In this case the SOMETYPE object pointed to by the returned pointer may not be modified, and if SOMETYPE is a class then only const member functions may be called on the SOMETYPE object.

If such a const `return` value is a pointer or a reference to a class then we cannot call non-const methods on that pointer or reference since that would break our agreement not to change it.

 Note: As a general rule methods should be const except when it's not possible to make them such. While getting used to the semantics you can use the compiler to inform you when a method may not be const -- it will (usually) give an error if you declare a method const that needs to be non-const.

#### Static returns

When a function returns a variable (or a pointer to one) that is statically located, one must keep in mind that it will be possible to overwrite its content each time a function that uses it is called. If you want to save the return value of this function, you should manually save it elsewhere. Most such static returns use global variables.

Of course, when you save it elsewhere, you should make sure to actually copy the value(s) of this variable to another location. If the return value is a struct, you should make a new struct, then copy over the members of the struct.

One example of such a function is the Standard C Library function localtime.

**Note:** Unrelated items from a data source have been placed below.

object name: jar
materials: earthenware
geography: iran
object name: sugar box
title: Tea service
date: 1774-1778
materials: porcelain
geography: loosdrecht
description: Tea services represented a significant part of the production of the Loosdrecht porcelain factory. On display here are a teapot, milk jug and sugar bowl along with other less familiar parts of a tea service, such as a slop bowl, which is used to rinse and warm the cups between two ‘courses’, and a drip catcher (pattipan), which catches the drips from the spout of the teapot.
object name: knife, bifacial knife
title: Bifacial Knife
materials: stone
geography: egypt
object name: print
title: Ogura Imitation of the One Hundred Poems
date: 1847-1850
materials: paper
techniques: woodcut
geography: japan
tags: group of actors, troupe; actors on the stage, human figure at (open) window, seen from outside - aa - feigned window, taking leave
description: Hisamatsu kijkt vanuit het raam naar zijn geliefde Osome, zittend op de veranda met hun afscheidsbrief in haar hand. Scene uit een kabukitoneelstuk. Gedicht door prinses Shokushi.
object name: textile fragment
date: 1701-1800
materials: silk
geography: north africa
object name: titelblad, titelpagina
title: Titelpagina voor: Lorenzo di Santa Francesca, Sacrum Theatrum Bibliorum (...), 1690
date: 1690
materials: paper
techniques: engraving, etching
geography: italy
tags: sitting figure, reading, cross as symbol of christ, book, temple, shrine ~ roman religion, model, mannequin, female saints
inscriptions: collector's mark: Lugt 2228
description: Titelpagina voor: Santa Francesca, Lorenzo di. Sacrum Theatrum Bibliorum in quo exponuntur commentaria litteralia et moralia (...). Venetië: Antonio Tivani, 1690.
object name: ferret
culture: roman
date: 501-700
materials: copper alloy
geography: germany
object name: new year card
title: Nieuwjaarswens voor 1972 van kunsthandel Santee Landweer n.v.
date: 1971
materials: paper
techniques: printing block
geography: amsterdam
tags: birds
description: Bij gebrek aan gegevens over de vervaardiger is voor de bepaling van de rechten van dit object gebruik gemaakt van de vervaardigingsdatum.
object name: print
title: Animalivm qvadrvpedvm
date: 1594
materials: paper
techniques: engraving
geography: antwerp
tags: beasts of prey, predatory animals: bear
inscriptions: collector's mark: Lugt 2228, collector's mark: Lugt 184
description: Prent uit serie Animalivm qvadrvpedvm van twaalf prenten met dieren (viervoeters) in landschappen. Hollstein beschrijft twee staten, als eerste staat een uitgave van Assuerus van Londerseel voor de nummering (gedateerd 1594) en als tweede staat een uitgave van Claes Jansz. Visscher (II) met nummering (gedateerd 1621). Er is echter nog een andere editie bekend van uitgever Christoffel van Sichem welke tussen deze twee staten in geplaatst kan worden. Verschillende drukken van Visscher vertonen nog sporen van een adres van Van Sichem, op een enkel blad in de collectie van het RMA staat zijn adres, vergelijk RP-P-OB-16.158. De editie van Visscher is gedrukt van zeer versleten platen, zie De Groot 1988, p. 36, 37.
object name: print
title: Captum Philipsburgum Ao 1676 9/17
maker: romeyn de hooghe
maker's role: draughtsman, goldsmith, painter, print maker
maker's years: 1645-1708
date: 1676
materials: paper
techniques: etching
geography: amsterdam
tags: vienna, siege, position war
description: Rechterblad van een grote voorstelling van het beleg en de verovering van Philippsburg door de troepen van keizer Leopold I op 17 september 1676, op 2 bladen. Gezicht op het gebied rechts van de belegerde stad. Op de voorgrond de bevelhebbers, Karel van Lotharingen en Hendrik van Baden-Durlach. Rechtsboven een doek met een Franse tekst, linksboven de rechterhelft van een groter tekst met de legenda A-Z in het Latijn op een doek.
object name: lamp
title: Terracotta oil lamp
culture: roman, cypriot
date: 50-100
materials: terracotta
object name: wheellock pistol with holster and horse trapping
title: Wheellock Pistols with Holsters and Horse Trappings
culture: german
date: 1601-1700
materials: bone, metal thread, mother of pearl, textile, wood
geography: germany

#### Return "codes" (best practices)

There are 2 kinds of behaviors :

 Note: The selection of, and consistent use of this practice helps to avoid simple errors. Personal taste or organizational dictates may influence the decision, but a general rule-of-thumb is that you should follow whatever choice has been made in the code base you are currently working in. However, there may be valid reasons for making a different choice in any particular situation.
##### Positive means success

This is the "logical" way to think, and as such the one used by almost all beginners. In C++, this takes the form of a boolean true/false test, where "true" (also 1 or any non-zero number) means success, and "false" (also 0) means failure.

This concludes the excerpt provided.